RECORDS SHOWN -
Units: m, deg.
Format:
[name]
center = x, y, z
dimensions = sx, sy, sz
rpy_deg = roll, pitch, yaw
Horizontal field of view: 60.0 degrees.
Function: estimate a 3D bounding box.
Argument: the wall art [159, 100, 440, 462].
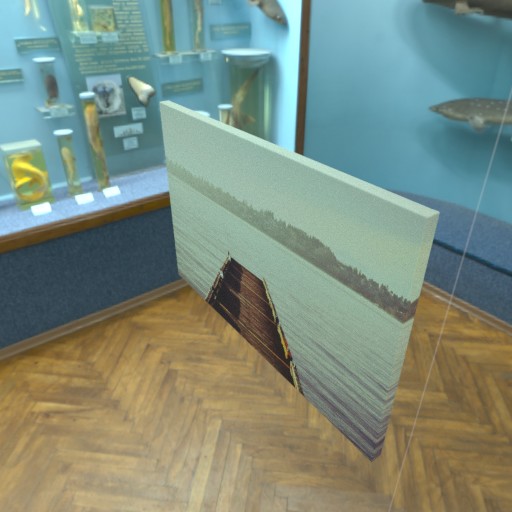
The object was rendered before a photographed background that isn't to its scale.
[wall art]
center = 0.000, 0.000, 1.437
dimensions = 0.040, 0.765, 1.149
rpy_deg = -21, 38, -30

YOUR ASSIGNMENT -
Reproduce the entries above word for word. Pictures stay out.

RESPONSE AREA -
Units: m, deg.
Format:
[name]
center = x, y, z
dimensions = sx, sy, sz
rpy_deg = roll, pitch, yaw
Horizontal field of view: 60.0 degrees.
Function: estimate a 3D bounding box.
Argument: the wall art [159, 100, 440, 462].
The object was rendered before a photographed background that isn't to its scale.
[wall art]
center = 0.000, 0.000, 1.437
dimensions = 0.040, 0.765, 1.149
rpy_deg = -21, 38, -30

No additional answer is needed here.